> **Exercise instructions**: Return each record verbatim, images excluded.

Stored items from a collection:
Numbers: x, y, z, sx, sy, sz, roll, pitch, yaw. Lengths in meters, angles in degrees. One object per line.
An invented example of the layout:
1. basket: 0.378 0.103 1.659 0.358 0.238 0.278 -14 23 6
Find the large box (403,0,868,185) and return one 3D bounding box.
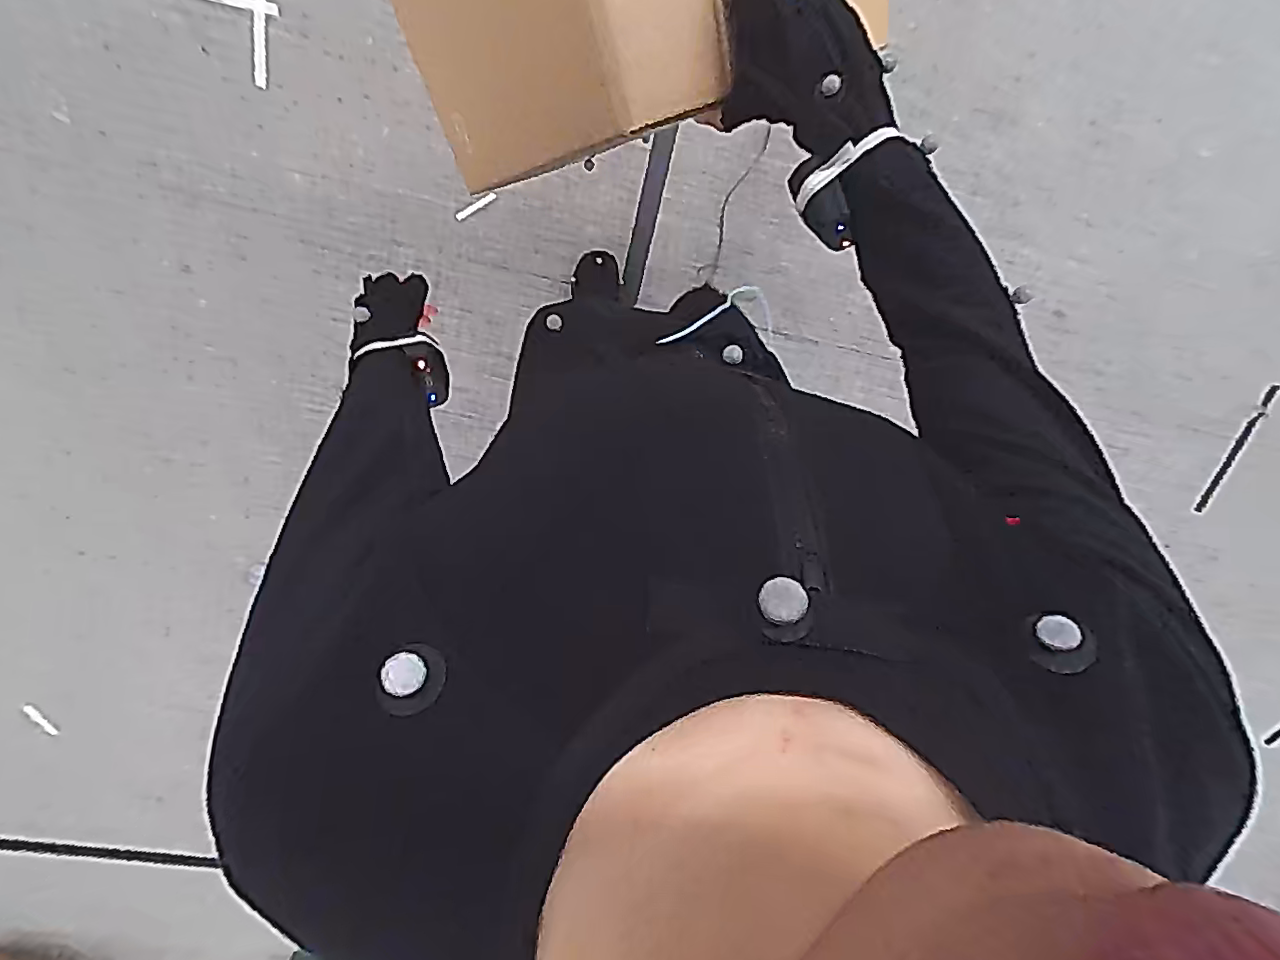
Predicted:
1. large box: -0.039 -0.530 0.548 0.320 0.408 0.320 -31 124 -22

> **Task solution**:
Numbers: x, y, z, sx, sy, sz, roll, pitch, yaw. Lengths in meters, angles in degrees. One object per line.
An invented example of the layout:
1. basket: 0.378 0.103 1.659 0.358 0.238 0.278 -14 23 6
Find the large box (403,0,868,185) and return one 3D bounding box.
Predicted:
1. large box: -0.039 -0.530 0.548 0.320 0.408 0.320 -31 124 -22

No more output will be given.